Righteousness drives cancel culture. Power structures and capitalism have nothing to do with it.
Historically communists literally cancel people by imprisoning them and sending them to re-education camps or worse.
Today's virtue signaling by corporations is no different than it was twenty years ago when Janet Jackson slipped a nip at the Super Bowl. Advertisers threatened to leave NFL. FCC opened an investigation. All of this to please what these corporations perceived as the majority mob.
In order to fire someone, you need power. In order to fire someone based on vague accusations or how they worded a tweet, you need a complete lack of labor rights.

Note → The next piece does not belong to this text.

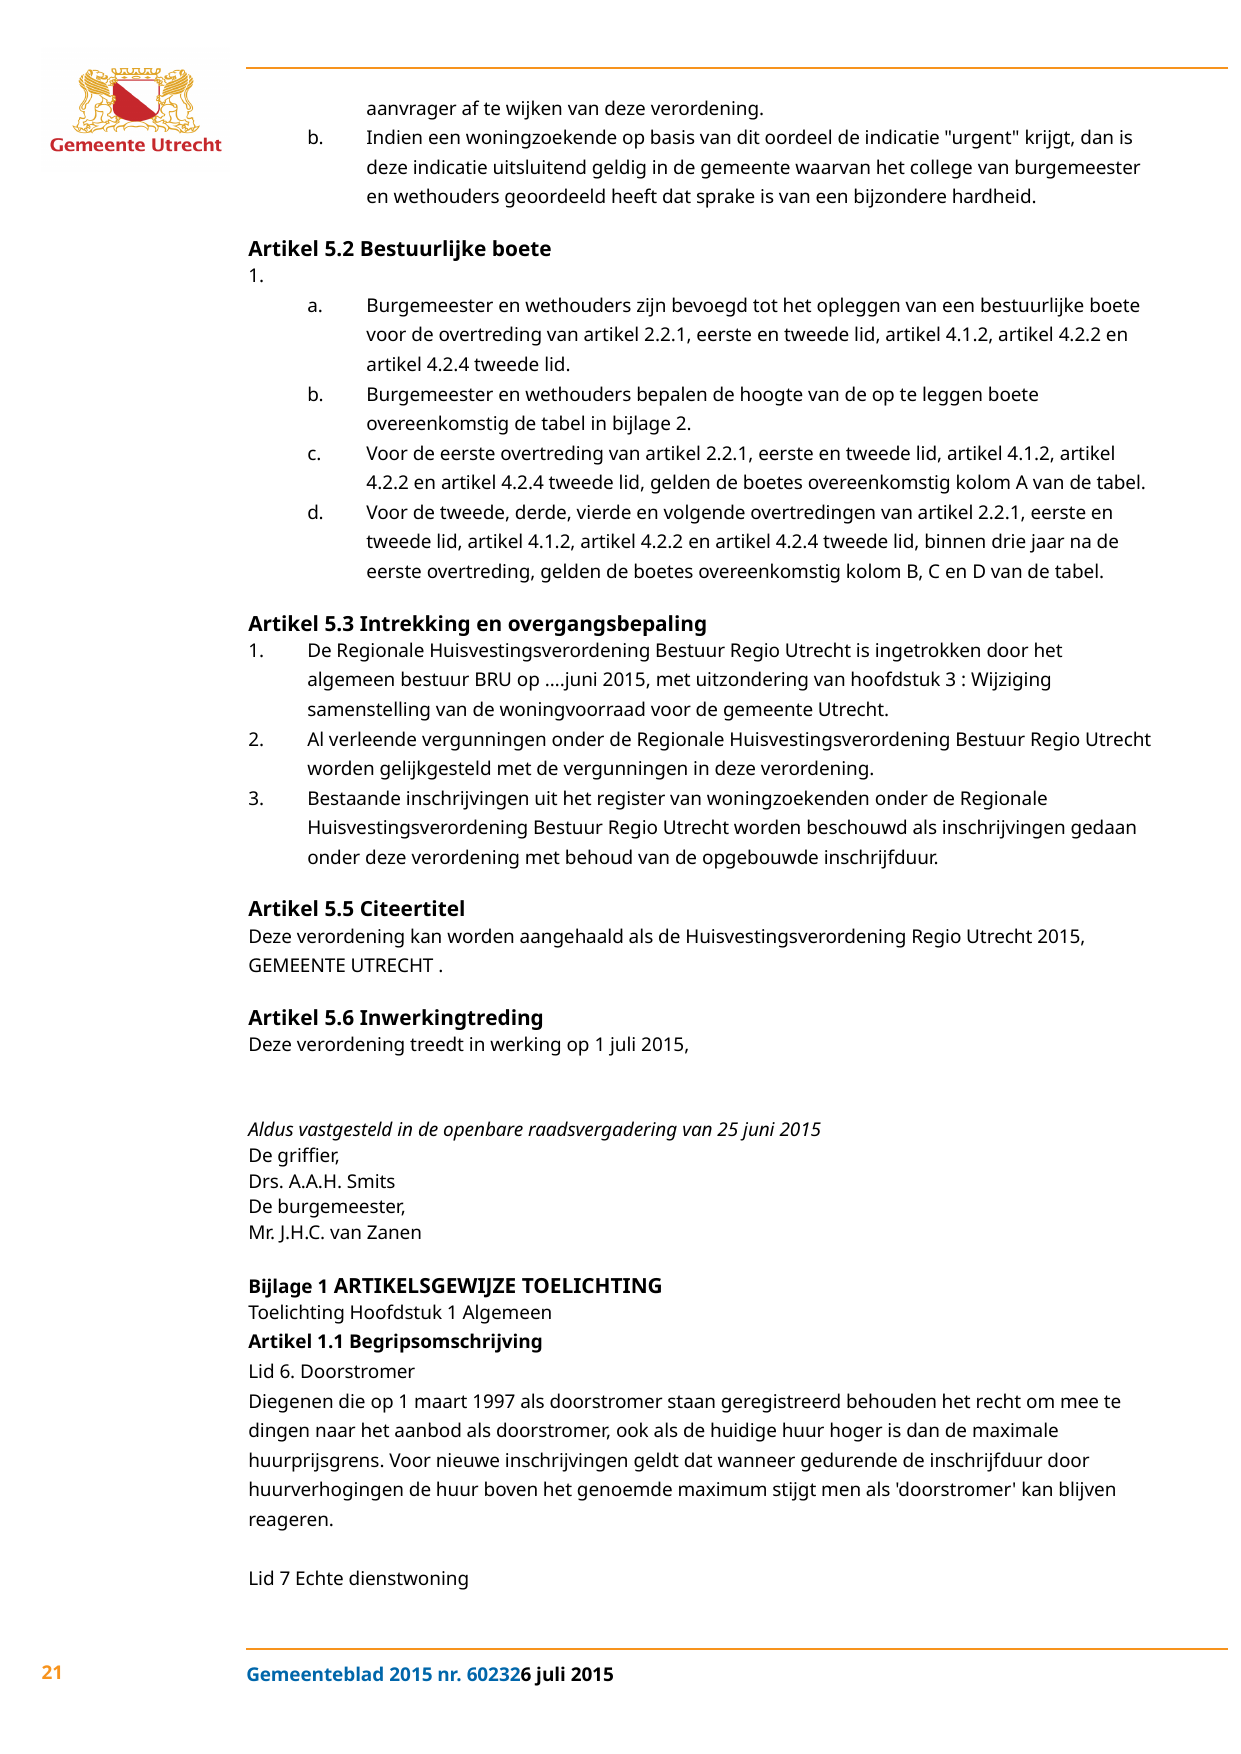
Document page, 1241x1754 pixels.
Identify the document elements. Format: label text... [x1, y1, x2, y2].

edit: in the US, it's completely legal to fire people because you don't like their taste in shoes, or because you're so attracted to them that you think you'll be tempted to try to cheat on your wife. I don't think we should have a carved out protected class for employees who sounded transphobic on twitter once. We should have a minimum process for firing people that is dictated by the state, and further process that is negotiated by the employee's union. "Free speech" libertarians hate that a lot more.
In order to send someone to a gulag, you need power. To disappear someone based on vague accusations or how they worded a tweet, you need a complete lack of human rights.
Socialism as a cure for Capitalism is a case of the cure being far worse than the disease.
You technically can but it requires pretty fantastic conditions as prerequisites right now. Theoretically if it was known that obeying lead to better outcomes than anything you could do on your own people would follow them without coercion.
Actually being that right on their own would be difficult for the same reasons it would for a command economy period, and proving it enough to gain followers would be difficult but it would be possible.
Give a reliable "crystal ball" and predictions always being clear and right where those that obey see outcomes accordingly the sensible would start to follow the commands without any force behind it. There is no need to use force to punish jumping off of a cliff essentially.
It implies the reason it depends upon authoritarianism is because as a model it cannot compete.
I think the answer there is that the anti-mask-wearers and anti-vaccinators might not know that obeying leads to better outcomes. (they're almost certainly wrong, but that's still what they know)
This won't be a very popular response, but: generally the answer to this has been to question the framing of authoritarianism. Marx spoke of a society in which labour is no longer alienated, but "man's prime want". His assumption (true or false) was that people wouldn't be need to be pressured to work. His claim was that in capitalism, itself an authoritarian system descended from previous class systems, authority lurks behind free rights and duties, in which he commented that under capitalism the worker must be free - free to sell his labour, and free from the means of production.
In summary, to anti-capitalists the question is not only how to have an economy without authoritarianism, but also how to rework the very concept of labour, how it is thought of, practised, etc.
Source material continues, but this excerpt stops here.